**What the exercise asks**
Going down the listing below, print exactly each line from the one with "1. candy box [226, 236, 290, 306]" up to and including the one with "10. soccer cleat [460, 244, 509, 319]", and skip the rest.

**Input for this task**
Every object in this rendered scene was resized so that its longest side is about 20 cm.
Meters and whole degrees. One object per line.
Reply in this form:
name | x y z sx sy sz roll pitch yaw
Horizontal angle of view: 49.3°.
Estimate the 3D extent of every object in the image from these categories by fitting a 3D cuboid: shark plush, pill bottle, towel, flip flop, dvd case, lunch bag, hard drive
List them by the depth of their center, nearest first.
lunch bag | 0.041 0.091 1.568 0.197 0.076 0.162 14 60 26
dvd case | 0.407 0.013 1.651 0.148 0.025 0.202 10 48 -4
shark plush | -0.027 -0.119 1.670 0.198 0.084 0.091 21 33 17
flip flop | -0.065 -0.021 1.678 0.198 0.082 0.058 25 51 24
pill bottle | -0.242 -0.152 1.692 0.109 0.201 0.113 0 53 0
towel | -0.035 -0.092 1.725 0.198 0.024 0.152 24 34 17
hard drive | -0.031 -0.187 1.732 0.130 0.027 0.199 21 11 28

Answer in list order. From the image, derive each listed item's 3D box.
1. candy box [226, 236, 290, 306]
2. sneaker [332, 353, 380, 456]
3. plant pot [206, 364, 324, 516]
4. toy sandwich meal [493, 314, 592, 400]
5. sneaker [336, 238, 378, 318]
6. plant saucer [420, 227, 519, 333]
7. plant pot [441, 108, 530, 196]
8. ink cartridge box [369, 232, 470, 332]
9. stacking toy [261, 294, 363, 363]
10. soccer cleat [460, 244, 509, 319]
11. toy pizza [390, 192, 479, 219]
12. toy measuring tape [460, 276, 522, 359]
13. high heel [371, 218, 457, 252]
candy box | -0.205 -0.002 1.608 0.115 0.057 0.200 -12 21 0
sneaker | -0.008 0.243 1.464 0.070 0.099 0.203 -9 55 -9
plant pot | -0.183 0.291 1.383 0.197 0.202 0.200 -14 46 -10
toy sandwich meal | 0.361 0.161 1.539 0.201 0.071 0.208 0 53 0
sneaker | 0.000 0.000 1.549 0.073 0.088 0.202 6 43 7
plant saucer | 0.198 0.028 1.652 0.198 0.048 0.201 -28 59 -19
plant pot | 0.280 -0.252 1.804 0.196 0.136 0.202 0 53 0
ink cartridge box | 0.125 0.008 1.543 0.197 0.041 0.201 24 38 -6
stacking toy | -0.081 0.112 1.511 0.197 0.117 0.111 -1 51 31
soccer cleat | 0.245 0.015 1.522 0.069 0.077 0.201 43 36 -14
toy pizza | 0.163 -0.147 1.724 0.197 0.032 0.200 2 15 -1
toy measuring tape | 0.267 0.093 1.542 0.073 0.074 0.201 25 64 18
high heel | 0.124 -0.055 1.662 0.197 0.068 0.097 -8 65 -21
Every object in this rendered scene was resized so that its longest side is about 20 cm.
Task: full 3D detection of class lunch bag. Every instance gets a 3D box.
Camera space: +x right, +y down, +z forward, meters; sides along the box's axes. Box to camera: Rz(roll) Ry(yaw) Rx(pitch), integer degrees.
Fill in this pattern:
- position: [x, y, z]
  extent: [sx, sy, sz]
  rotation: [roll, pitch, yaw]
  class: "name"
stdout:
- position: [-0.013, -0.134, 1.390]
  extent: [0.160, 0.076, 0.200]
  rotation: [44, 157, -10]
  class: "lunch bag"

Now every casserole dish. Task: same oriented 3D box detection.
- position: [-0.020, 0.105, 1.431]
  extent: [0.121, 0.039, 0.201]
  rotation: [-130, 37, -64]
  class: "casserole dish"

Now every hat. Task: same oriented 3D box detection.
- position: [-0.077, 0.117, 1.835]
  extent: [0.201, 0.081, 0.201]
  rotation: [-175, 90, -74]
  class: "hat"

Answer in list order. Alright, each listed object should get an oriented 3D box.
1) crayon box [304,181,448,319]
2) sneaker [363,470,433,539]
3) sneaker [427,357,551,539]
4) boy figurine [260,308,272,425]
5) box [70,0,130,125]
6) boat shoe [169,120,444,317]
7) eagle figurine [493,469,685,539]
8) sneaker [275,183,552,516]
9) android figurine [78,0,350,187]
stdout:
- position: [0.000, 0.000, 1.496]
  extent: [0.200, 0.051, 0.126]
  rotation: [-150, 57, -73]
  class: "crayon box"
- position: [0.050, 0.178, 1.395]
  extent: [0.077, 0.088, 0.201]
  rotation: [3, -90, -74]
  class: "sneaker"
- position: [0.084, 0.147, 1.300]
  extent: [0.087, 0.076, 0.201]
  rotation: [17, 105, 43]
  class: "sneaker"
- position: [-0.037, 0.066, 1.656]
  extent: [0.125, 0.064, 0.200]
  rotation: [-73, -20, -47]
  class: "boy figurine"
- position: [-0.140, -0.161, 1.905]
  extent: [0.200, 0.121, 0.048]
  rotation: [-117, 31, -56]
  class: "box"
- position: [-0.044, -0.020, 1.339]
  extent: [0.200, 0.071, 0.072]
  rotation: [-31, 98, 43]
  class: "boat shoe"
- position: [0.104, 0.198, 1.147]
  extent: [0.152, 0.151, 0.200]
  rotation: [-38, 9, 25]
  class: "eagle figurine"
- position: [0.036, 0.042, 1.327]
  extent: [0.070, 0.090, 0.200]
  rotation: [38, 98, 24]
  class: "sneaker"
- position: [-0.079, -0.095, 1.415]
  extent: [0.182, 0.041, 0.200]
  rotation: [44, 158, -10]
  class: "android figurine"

**Exercise output**
1. candy box [226, 236, 290, 306]
2. sneaker [332, 353, 380, 456]
3. plant pot [206, 364, 324, 516]
4. toy sandwich meal [493, 314, 592, 400]
5. sneaker [336, 238, 378, 318]
6. plant saucer [420, 227, 519, 333]
7. plant pot [441, 108, 530, 196]
8. ink cartridge box [369, 232, 470, 332]
9. stacking toy [261, 294, 363, 363]
10. soccer cleat [460, 244, 509, 319]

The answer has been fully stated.